Algorithm Function Description
Grover search() Unstructured search with quadratic speedup
QAOA optimize() Combinatorial optimization
VQE vqe() Variational eigensolver for molecular energy
Shor factor() Integer factoring via period finding
QSVM qsvm_classify() Quantum kernel SVM classification
Portfolio portfolio_optimize() Financial portfolio optimization
Hamiltonian evolve() Trotterized time evolution
Entity Resolution resolve() QAOA-based customer deduplication
Multi-Agent MultiAgentSystem Quantum decision modeling
Monte Carlo monte_carlo_price() Amplitude estimation for option pricing
Clustering cluster_data() Swap-test quantum distance + k-means
QML Classifier QuantumClassifier Variational quantum classification

QASM Support

Direction Version Description
Export QASM 3.0 Circuit → OpenQASM string
Import QASM 2.0/3.0 OpenQASM string → DAG

Benchmark Infrastructure

Tool Description
QASMBench 10 standard + 3 large (20-24 qubit) circuits
Benchpress Adapter Cross-SDK benchmarking API
Turnusol Test 8-test quality litmus test

Parameter Sweep

from quanta import sweep

results = sweep(my_circuit, params={"theta": [0, 0.5, 1.0, 1.5]})
for r in results:
    print(r.summary())

Visualization

  • Probability histogram: print(result)
  • Dirac notation: result.dirac_notation()
  • Statevector display: show_statevector(sv, n)

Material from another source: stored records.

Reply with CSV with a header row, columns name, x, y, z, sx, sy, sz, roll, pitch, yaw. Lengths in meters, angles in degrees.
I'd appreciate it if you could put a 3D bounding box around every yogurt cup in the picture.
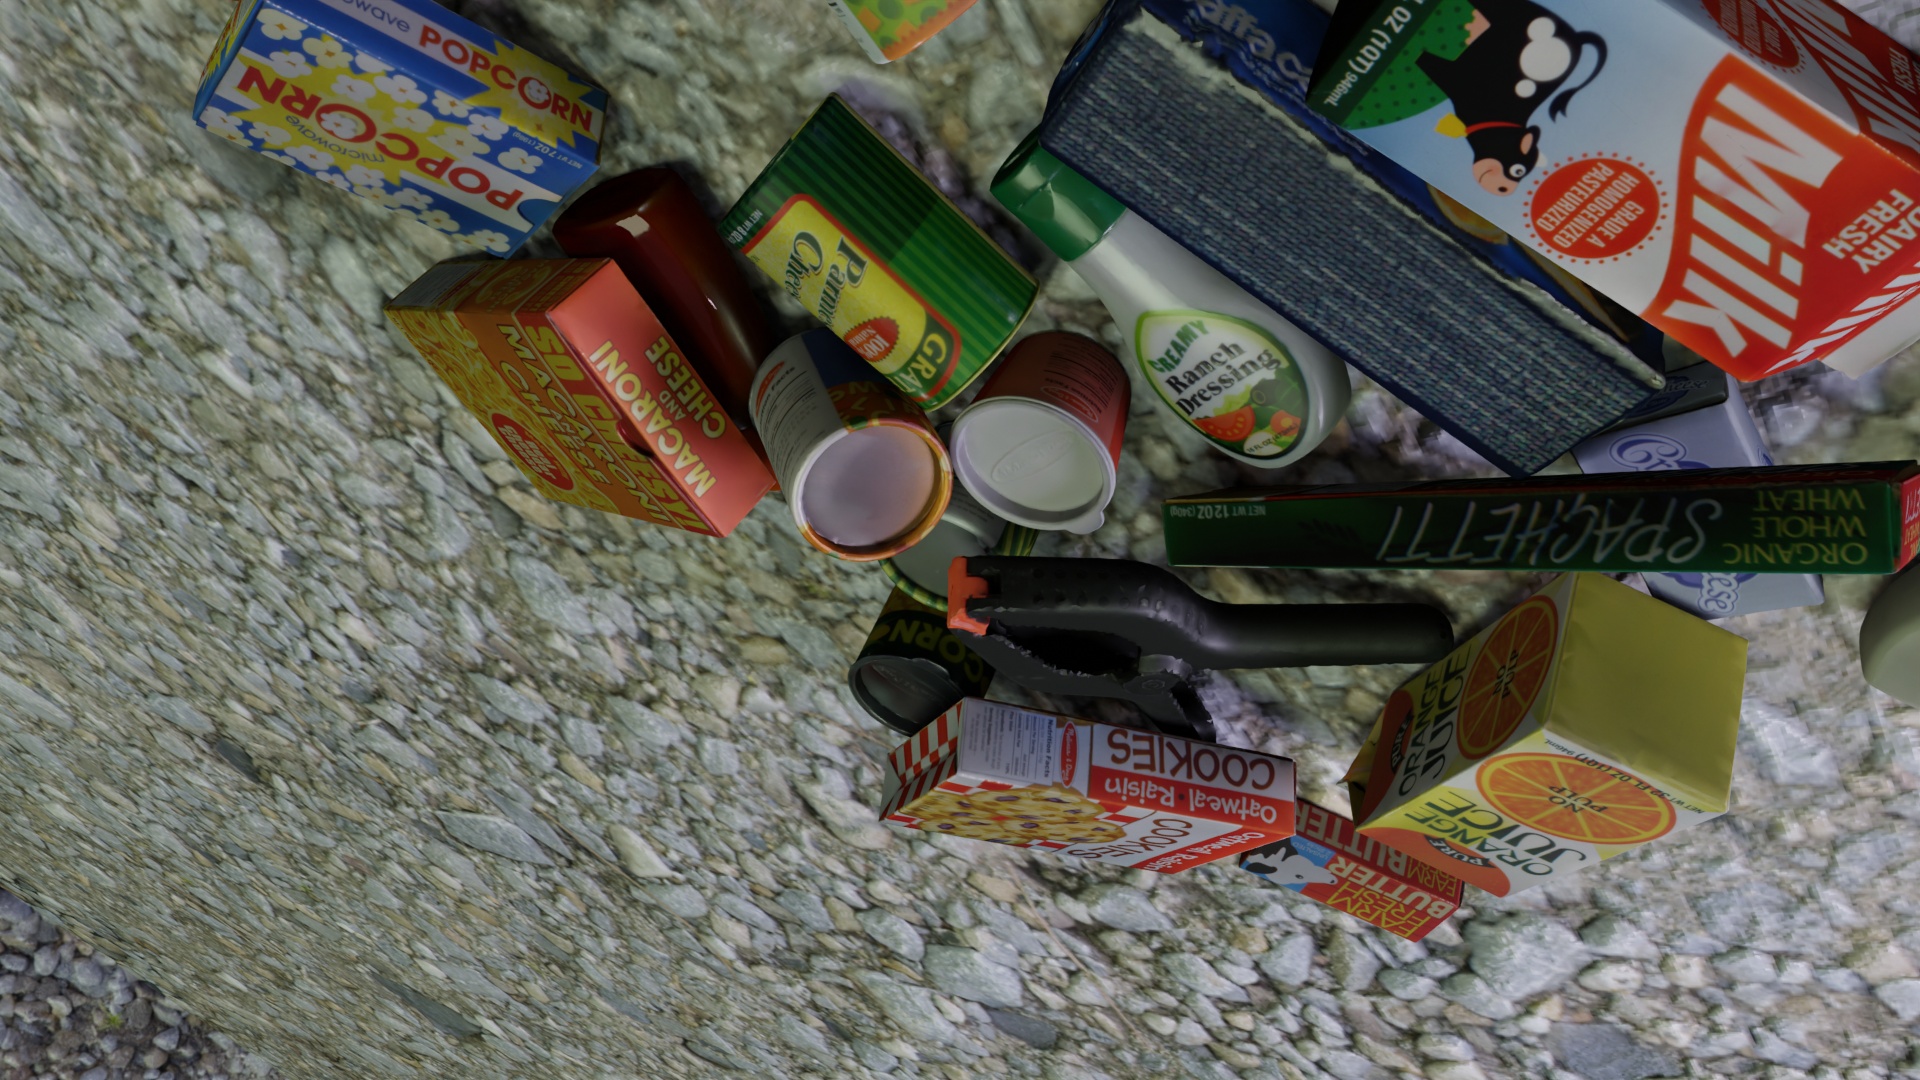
name,x,y,z,sx,sy,sz,roll,pitch,yaw
yogurt cup,0.035,-0.046,0.555,0.072,0.054,0.072,15,139,13

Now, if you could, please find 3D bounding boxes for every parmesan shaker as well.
name,x,y,z,sx,sy,sz,roll,pitch,yaw
parmesan shaker,-0.031,-0.105,0.517,0.103,0.072,0.071,40,139,-16

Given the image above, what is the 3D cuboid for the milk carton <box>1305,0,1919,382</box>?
name,x,y,z,sx,sy,sz,roll,pitch,yaw
milk carton,0.198,-0.112,0.379,0.190,0.074,0.072,31,140,-6

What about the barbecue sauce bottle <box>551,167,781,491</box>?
name,x,y,z,sx,sy,sz,roll,pitch,yaw
barbecue sauce bottle,-0.109,-0.086,0.597,0.065,0.044,0.148,0,135,37

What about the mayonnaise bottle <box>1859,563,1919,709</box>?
name,x,y,z,sx,sy,sz,roll,pitch,yaw
mayonnaise bottle,0.358,0.003,0.447,0.065,0.041,0.147,19,141,12

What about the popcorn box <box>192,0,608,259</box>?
name,x,y,z,sx,sy,sz,roll,pitch,yaw
popcorn box,-0.212,-0.165,0.531,0.126,0.038,0.085,21,148,-36

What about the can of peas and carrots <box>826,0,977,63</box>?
name,x,y,z,sx,sy,sz,roll,pitch,yaw
can of peas and carrots,-0.017,-0.189,0.417,0.071,0.071,0.058,-18,125,40

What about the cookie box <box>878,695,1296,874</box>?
name,x,y,z,sx,sy,sz,roll,pitch,yaw
cookie box,0.059,0.121,0.672,0.167,0.040,0.122,13,155,-15

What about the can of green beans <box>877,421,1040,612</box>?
name,x,y,z,sx,sy,sz,roll,pitch,yaw
can of green beans,0.002,-0.009,0.611,0.071,0.058,0.071,15,140,13

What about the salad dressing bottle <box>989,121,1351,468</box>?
name,x,y,z,sx,sy,sz,roll,pitch,yaw
salad dressing bottle,0.075,-0.088,0.495,0.147,0.044,0.064,40,139,-17

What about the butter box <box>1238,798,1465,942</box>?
name,x,y,z,sx,sy,sz,roll,pitch,yaw
butter box,0.205,0.173,0.731,0.103,0.024,0.052,23,141,5

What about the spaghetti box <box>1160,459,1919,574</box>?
name,x,y,z,sx,sy,sz,roll,pitch,yaw
spaghetti box,0.186,-0.007,0.483,0.250,0.050,0.028,0,98,43

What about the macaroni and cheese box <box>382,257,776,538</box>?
name,x,y,z,sx,sy,sz,roll,pitch,yaw
macaroni and cheese box,-0.172,-0.065,0.618,0.166,0.040,0.123,11,143,47

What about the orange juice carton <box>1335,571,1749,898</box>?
name,x,y,z,sx,sy,sz,roll,pitch,yaw
orange juice carton,0.227,0.091,0.576,0.072,0.073,0.191,25,152,1

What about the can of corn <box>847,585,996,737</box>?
name,x,y,z,sx,sy,sz,roll,pitch,yaw
can of corn,-0.014,0.056,0.691,0.071,0.058,0.070,15,140,13

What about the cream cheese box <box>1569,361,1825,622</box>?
name,x,y,z,sx,sy,sz,roll,pitch,yaw
cream cheese box,0.261,-0.013,0.494,0.053,0.024,0.103,-17,125,39

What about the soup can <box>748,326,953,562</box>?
name,x,y,z,sx,sy,sz,roll,pitch,yaw
soup can,-0.043,-0.040,0.565,0.071,0.084,0.071,-10,125,-15

MCP Server (AI Integration)

Quanta SDK can be used as an MCP (Model Context Protocol) server, allowing AI assistants like Claude to perform quantum simulations.

Tool Description
run_circuit Execute arbitrary quantum circuits
create_bell_state Quick entanglement demonstration
grover_search Grover's search algorithm
shor_factor Shor's integer factoring
simulate_noise Noisy circuit simulation (7 channels)
list_gates Available gate reference
explain_result Interpret measurement results
# Local (Claude Desktop)
fastmcp install quanta/mcp_server.py --name "Quanta Quantum SDK"

# Remote (Cloud Run)
python -m quanta.mcp_server --transport sse --port 8080

Deployment

Target Method Use Case
Local pip install quanta-sdk Development, research
Claude Desktop fastmcp install AI-assisted simulation
Cloud Run Dockerfile.mcp + CI/CD Always-on MCP server
Lambda/Functions Lightweight package Serverless computation
CI/CD Pipeline pip install quanta-sdk Automated QC testing

Lightweight advantage: Pure Python + NumPy only. No heavy framework dependencies. Ideal for serverless, edge computing, and embedding in CI/CD pipelines.